▶ _Exercise details_
Which lines of the data below include the string "portSpec"? Return each of them.

▶ _Records from a data source_

----------------------------------------

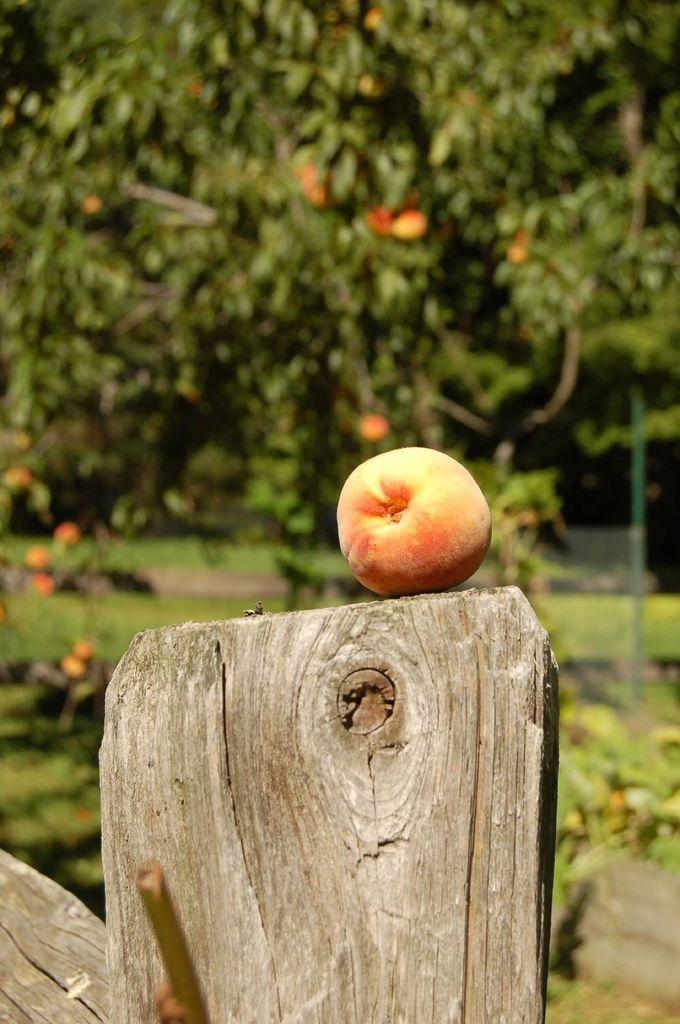What type of vegetation can be seen in the image? There are trees in the image. What fruit is present in the image? There is a peach in the image. On what surface is the peach placed? The peach is on a wooden block. What is the temperature of the peach in the image? The temperature of the peach cannot be determined from the image alone. --- 
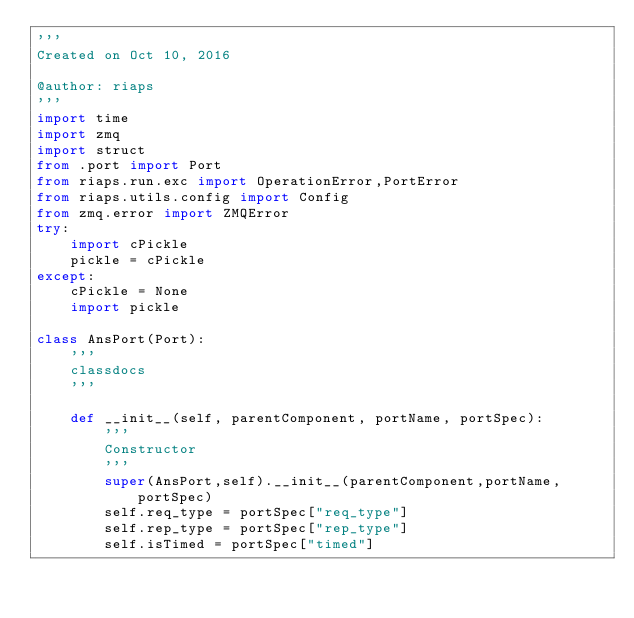<code> <loc_0><loc_0><loc_500><loc_500><_Python_>'''
Created on Oct 10, 2016

@author: riaps
'''
import time
import zmq
import struct
from .port import Port
from riaps.run.exc import OperationError,PortError
from riaps.utils.config import Config
from zmq.error import ZMQError
try:
    import cPickle
    pickle = cPickle
except:
    cPickle = None
    import pickle
    
class AnsPort(Port):
    '''
    classdocs
    '''

    def __init__(self, parentComponent, portName, portSpec):
        '''
        Constructor
        '''
        super(AnsPort,self).__init__(parentComponent,portName,portSpec)
        self.req_type = portSpec["req_type"]
        self.rep_type = portSpec["rep_type"]
        self.isTimed = portSpec["timed"]</code> 
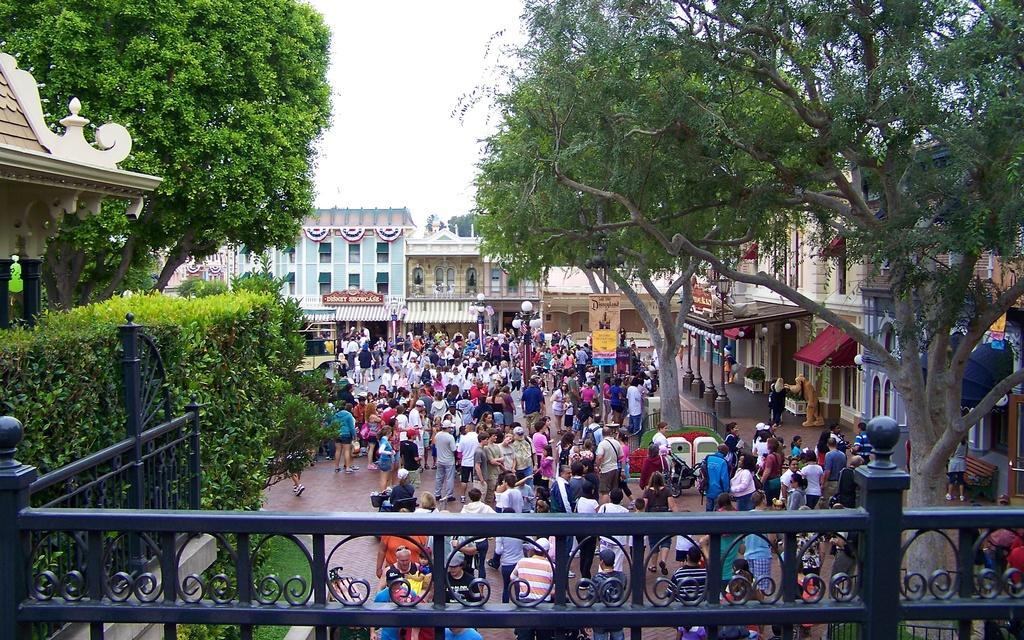In one or two sentences, can you explain what this image depicts? In the middle a group of people are there and on the back side there are houses. These are the green color trees. 
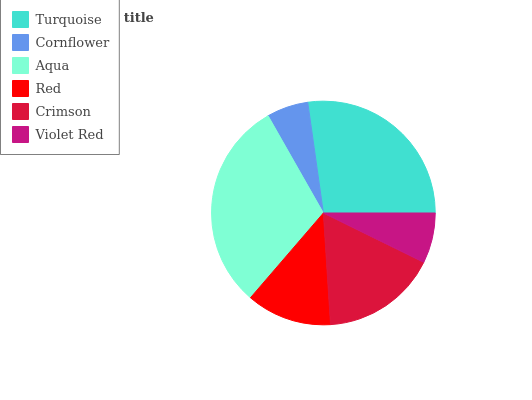Is Cornflower the minimum?
Answer yes or no. Yes. Is Aqua the maximum?
Answer yes or no. Yes. Is Aqua the minimum?
Answer yes or no. No. Is Cornflower the maximum?
Answer yes or no. No. Is Aqua greater than Cornflower?
Answer yes or no. Yes. Is Cornflower less than Aqua?
Answer yes or no. Yes. Is Cornflower greater than Aqua?
Answer yes or no. No. Is Aqua less than Cornflower?
Answer yes or no. No. Is Crimson the high median?
Answer yes or no. Yes. Is Red the low median?
Answer yes or no. Yes. Is Aqua the high median?
Answer yes or no. No. Is Turquoise the low median?
Answer yes or no. No. 
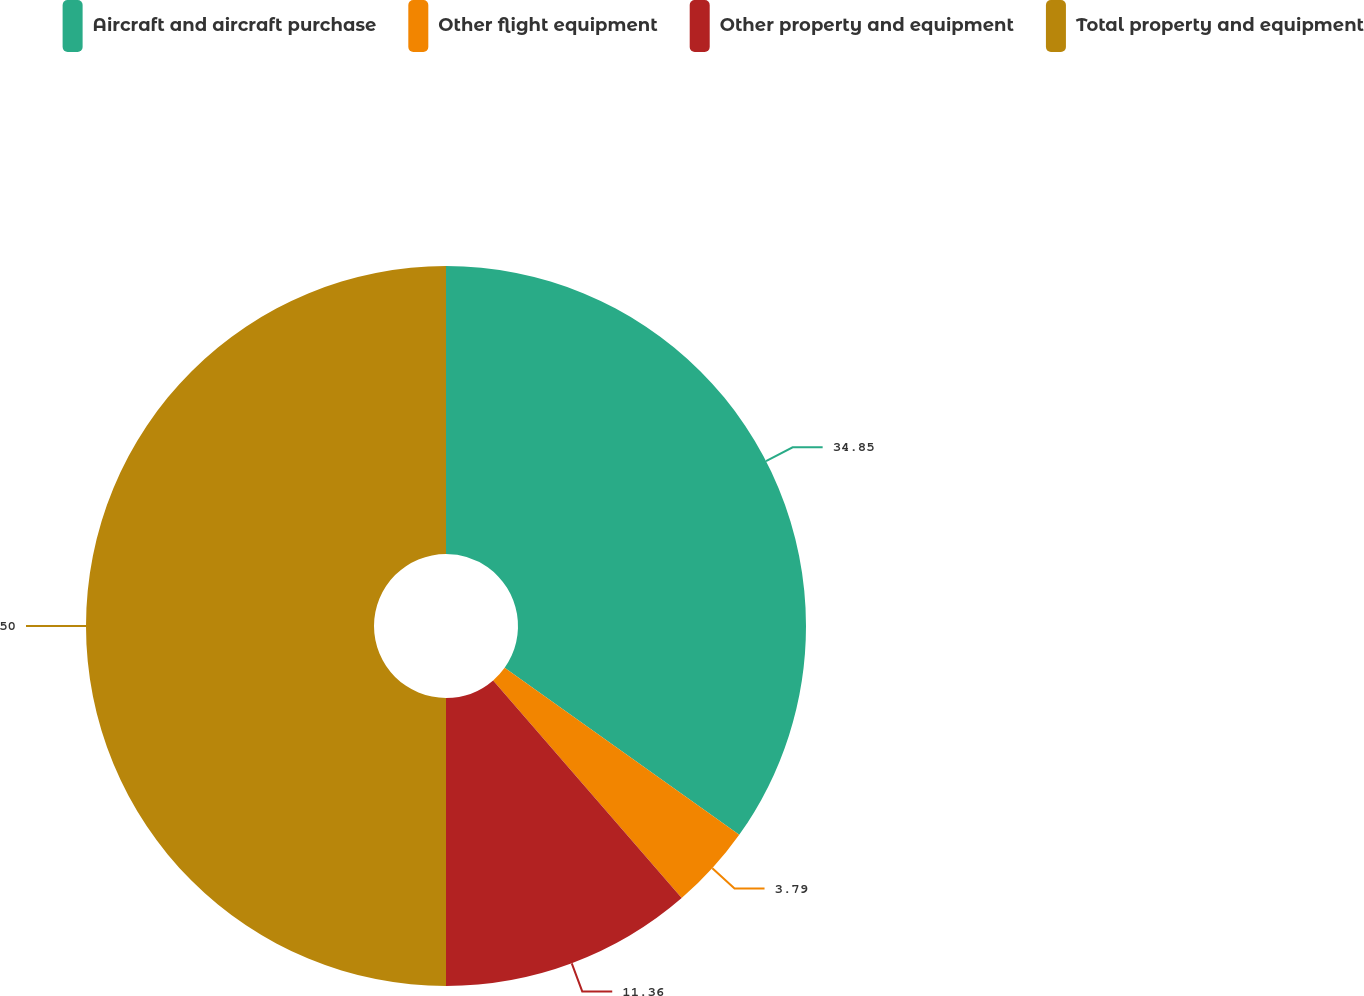<chart> <loc_0><loc_0><loc_500><loc_500><pie_chart><fcel>Aircraft and aircraft purchase<fcel>Other flight equipment<fcel>Other property and equipment<fcel>Total property and equipment<nl><fcel>34.85%<fcel>3.79%<fcel>11.36%<fcel>50.0%<nl></chart> 
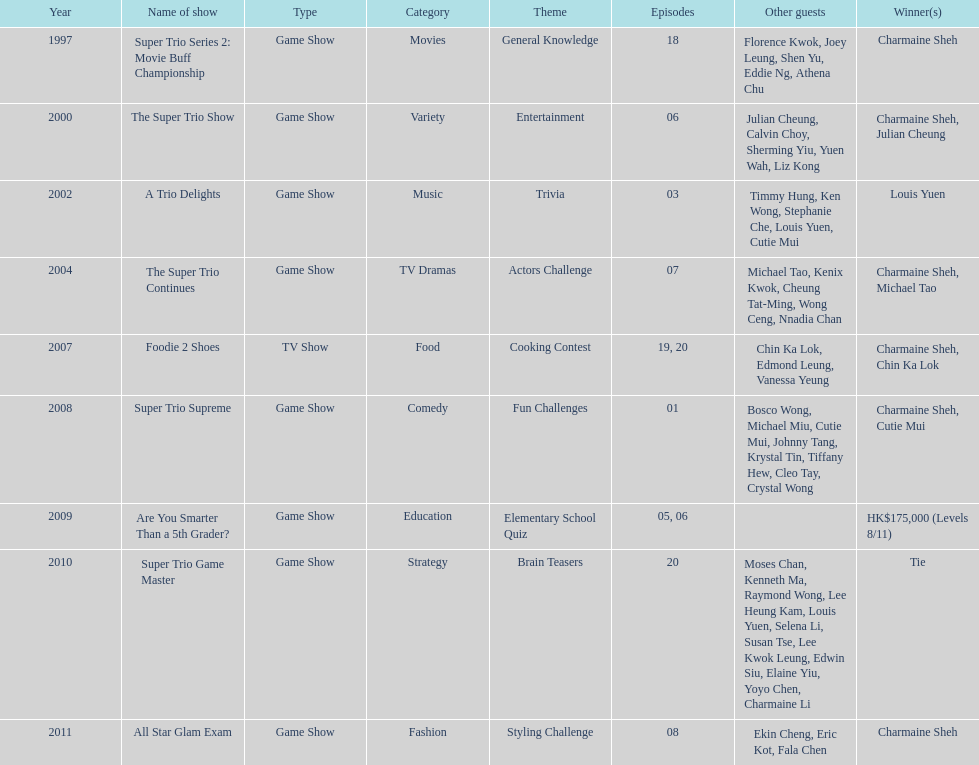What is the number of tv shows that charmaine sheh has appeared on? 9.

----------------------------------------

▶ _Written response_
    def __init__(self, parentComponent, portName, portSpec):
        super(AnsPort,self).__init__(parentComponent,portName,portSpec)
        self.req_type = portSpec["req_type"]
        self.rep_type = portSpec["rep_type"]
        self.isTimed = portSpec["timed"]</code> 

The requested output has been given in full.